Kesimpulan Jordet: "Mentalitas monster Klopp tidak dilahirkan, melainkan dibuat. Persiapan proaktif, eksekusi yang tenang, dan komunikasi yang hangat serta penuh kasih cenderung memberikan landasan terbaik untuk kinerja di bawah tekanan ekstrem. Liverpool unggul 1-0 bahkan sebelum adu penalti dimulai".



Apa yang dilakukan Klopp adalah suatu hal yang benar-benar menarik. Dan, hasilnya bisa langsung terlihat di awal ketika Alisson Becker berhasil membuat Cesar Azpilicueta gagal.

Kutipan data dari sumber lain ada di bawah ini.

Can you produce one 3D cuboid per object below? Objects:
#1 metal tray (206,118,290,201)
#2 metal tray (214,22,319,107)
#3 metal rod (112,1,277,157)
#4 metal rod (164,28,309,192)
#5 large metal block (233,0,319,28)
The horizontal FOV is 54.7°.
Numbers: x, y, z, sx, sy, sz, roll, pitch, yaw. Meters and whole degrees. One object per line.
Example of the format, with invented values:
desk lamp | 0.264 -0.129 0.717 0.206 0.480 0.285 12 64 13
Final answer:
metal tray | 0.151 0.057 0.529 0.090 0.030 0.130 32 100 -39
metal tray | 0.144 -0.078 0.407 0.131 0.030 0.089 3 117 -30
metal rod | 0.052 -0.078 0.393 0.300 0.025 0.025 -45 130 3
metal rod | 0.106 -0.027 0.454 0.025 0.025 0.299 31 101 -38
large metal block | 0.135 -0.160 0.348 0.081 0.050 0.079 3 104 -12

Karena itu, layak dinantikan apakah suntikan motivasi Klopp bisa membantu Liverpool menyalip Man City di tikungan akhir atau tidak. Pasalnya, kemenangan atas Southampton, dini hari nanti, akan membuat selisih poin kembali satu. Itu artinya, segala hal bisa terjadi di pekan terakhir, Minggu (22/5/2022).